| 要旨トップ | 目次 | 日本生態学会第72回全国大会 (2025年3月、札幌) 講演要旨
ESJ72 Abstract


一般講演(ポスター発表) P2-139  (Poster presentation)

The public views bounties are not the best support measure for wildlife management enhancement.【O】

*Kota MAMENO(Hokkaido Univ.), Takaaki SUZUKI(Gifu Univ.), Tomohiko ENDO(NIES), Takahiro KUBO(NIES, University of Oxford)

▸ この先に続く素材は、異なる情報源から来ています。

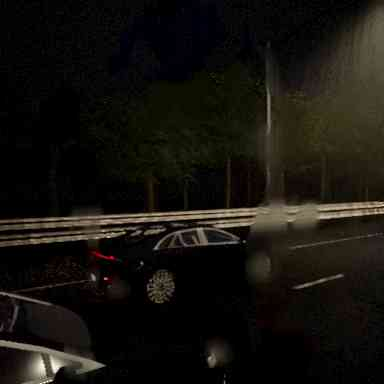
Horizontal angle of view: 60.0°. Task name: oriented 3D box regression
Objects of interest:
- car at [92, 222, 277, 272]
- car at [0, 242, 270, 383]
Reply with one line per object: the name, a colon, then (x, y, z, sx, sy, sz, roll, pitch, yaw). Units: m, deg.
car: (-0.001, 1.482, 8.046, 4.902, 1.511, 2.128, 0, 0, -36)
car: (-1.919, 1.492, 2.376, 4.902, 1.511, 2.128, 0, 0, -36)

本研究の目的は、野生動物管理の推進を目的とした支援策に対する一般市民の選好を明らかにすることである。人間社会と野生動物との軋轢は、人間社会の厚生や生物多様性の保全にとって重大な課題である。そのため、軋轢の緩和を目的として野生動物管理が世界中で実施されている。その中で、効果的な野生動物管理の推進を目的として、報奨金制度をはじめとする様々な支援策が導入されている。支援策の多くが税金を財源としている事から、一般市民の支援策に対する選好は持続的な野生動物管理にとって重要である。しかしながら、どのような支援策が一般市民から望まれているか、これまでほとんどわかっていない。

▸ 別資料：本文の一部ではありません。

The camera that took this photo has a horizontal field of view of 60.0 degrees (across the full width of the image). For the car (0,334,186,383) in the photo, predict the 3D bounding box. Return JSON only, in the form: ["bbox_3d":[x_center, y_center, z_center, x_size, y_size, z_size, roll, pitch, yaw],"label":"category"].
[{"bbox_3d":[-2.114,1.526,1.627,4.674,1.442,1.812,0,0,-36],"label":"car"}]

本研究では、マーケティング分野で開発され、近年保全科学分野でも適用されはじめているベスト・ワースト・スケーリング法(BWS)を用いたアンケート調査を実施した。本調査では、6つの支援策と「支援しない」を合わせた7項目を比較した。6つの支援策は以下の通りである:「捕獲講習会の実施」、「罠などの捕獲道具の貸出」、「捕獲作業に対して金銭の授与」、「捕獲した個体に基づいて金銭の授与」、「捕獲個体の処理支援」、「被害防止作業に対する金銭の授与」。調査対象者は沖縄と北海道を除いた全国の市民で、調査は2024年8月22日から27日に調査会社を通じてオンラインにて実施された。合計1,061部の有効回答が得られた(回収率2.84%)。

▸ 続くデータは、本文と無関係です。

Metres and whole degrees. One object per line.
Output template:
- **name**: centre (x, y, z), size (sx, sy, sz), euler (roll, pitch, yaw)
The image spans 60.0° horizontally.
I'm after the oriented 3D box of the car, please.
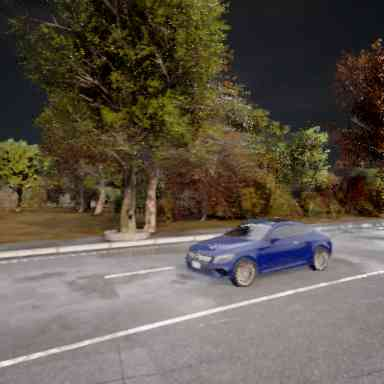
- **car**: centre (2.041, 1.496, 9.315), size (4.674, 1.442, 1.812), euler (0, 0, -34)
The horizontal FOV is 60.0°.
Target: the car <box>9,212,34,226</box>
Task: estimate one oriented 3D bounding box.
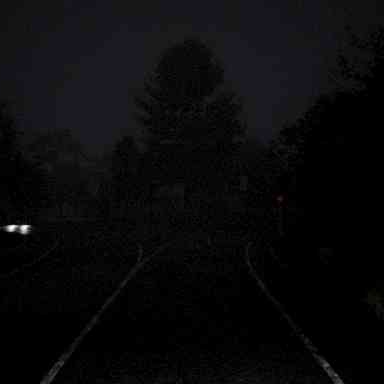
[{"bbox_3d":[-18.517,2.923,36.262,1.994,1.385,4.181,1,-3,-17],"label":"car"}]

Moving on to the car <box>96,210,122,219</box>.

分析の結果、フェンスの設置など被害防止作業に対する金銭の授与が市民から最も支持されており、支援を行わないことが最も支持されていないことがわかった。また、現在多くの自治体等で実施されている捕獲作業に対する奨励金制度に対する評価は、7項目中4番目に高い評価であることがわかった。一方で、捕獲数に応じた報奨金制度に対する評価は、2番目に高い評価であった。